Ougoureh Kifleh Ahmed (born 18 November 1955) is a Djiboutian politician who served in the government of Djibouti as Minister of Defense from 1999 to 2011. He has also served as Secretary-General of the Front for the Restoration of Unity and Democracy (FRUD).

==Political career==
Kifleh Ahmed was born in Dikhil. FRUD, an Afar rebel group, split in 1994, when Kifleh Ahmed announced an internal revolt and the establishment of new leadership, saying that the new leadership would enter negotiations with the government to end the civil war. The old leadership rejected this and expelled Kifleh Ahmed from FRUD in early May 1994. Kifleh Ahmed became the Secretary-General of the moderate faction of FRUD, in opposition to the radical faction, which opposed negotiations. He signed a peace agreement between his faction and the government on 26 December 1994. He was subsequently appointed to the government as Minister of Agriculture and Hydraulics on 8 June 1995. He was elected to the National Assembly in the December 1997 parliamentary election as the 11th candidate on the joint candidate list of the People's Rally for Progress (RPP) and FRUD for Dikhil Region. Following this election, he was moved to the post of Minister of the Civil Service and Administrative Reform on 28 December 1997.

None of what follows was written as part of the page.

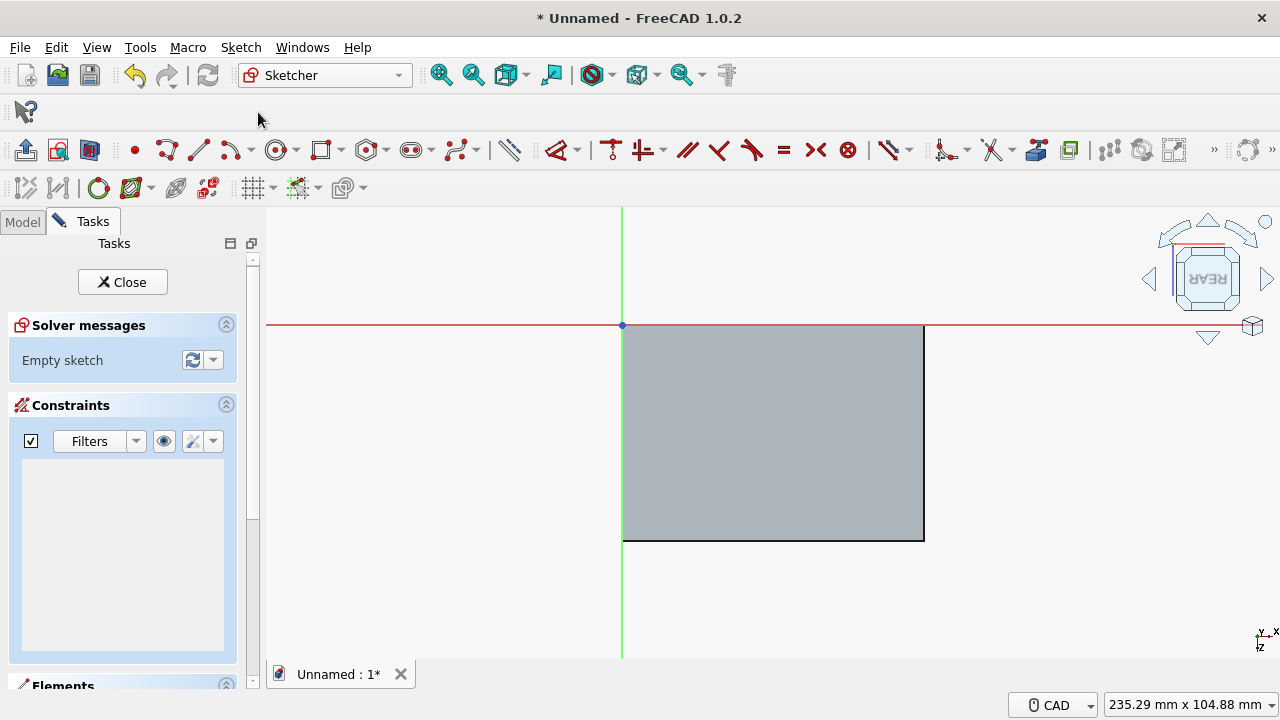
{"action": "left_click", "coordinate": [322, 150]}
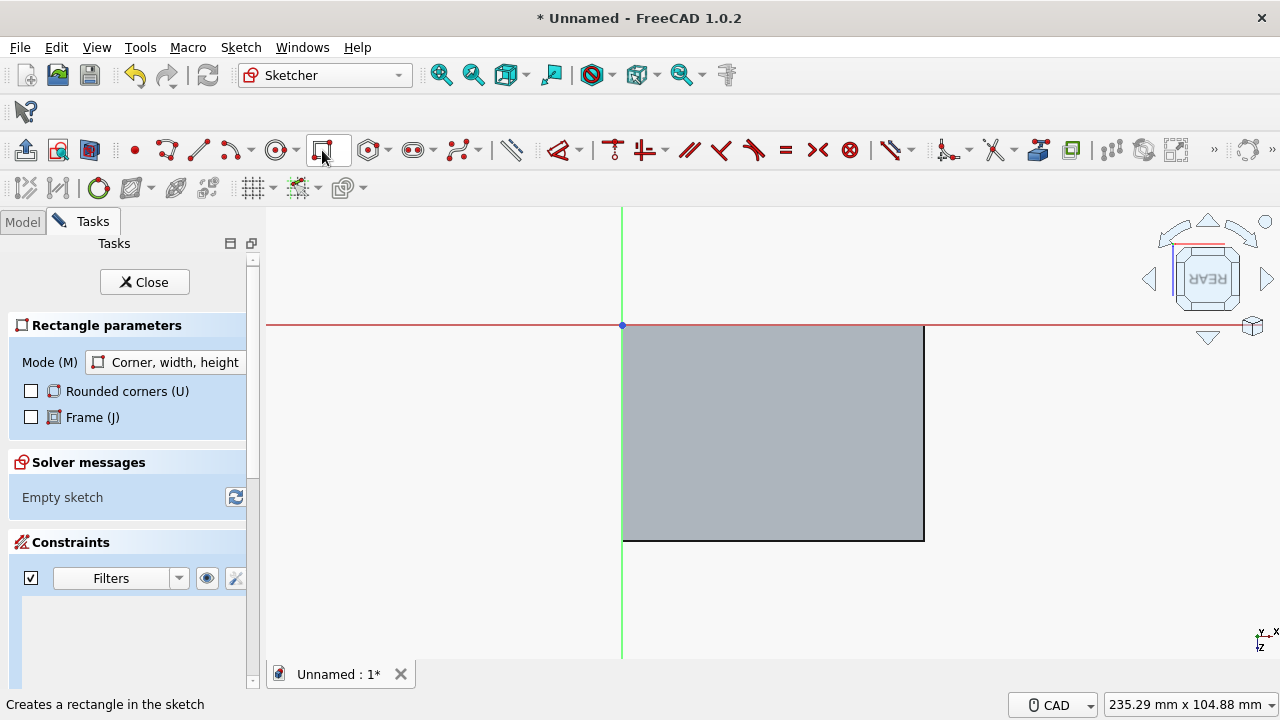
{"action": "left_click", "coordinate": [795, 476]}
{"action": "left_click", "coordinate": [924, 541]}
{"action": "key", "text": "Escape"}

Kifleh Ahmed was appointed as Minister of National Defense on 12 May 1999. In the January 2003 parliamentary election, Kifleh Ahmed was again elected to the National Assembly as the second candidate on the candidate list of the ruling coalition, the Union for a Presidential Majority (UMP), in Dikhil Region. President Ismail Omar Guelleh awarded the medal of the Commander of the Great Star of Djibouti to Kifleh Ahmed and FRUD President Ali Mohamed Daoud during independence day celebrations on 27 June 2004. He was also re-elected in the February 2008 parliamentary election as the first candidate on the UMP's candidate list for Dikhil Region.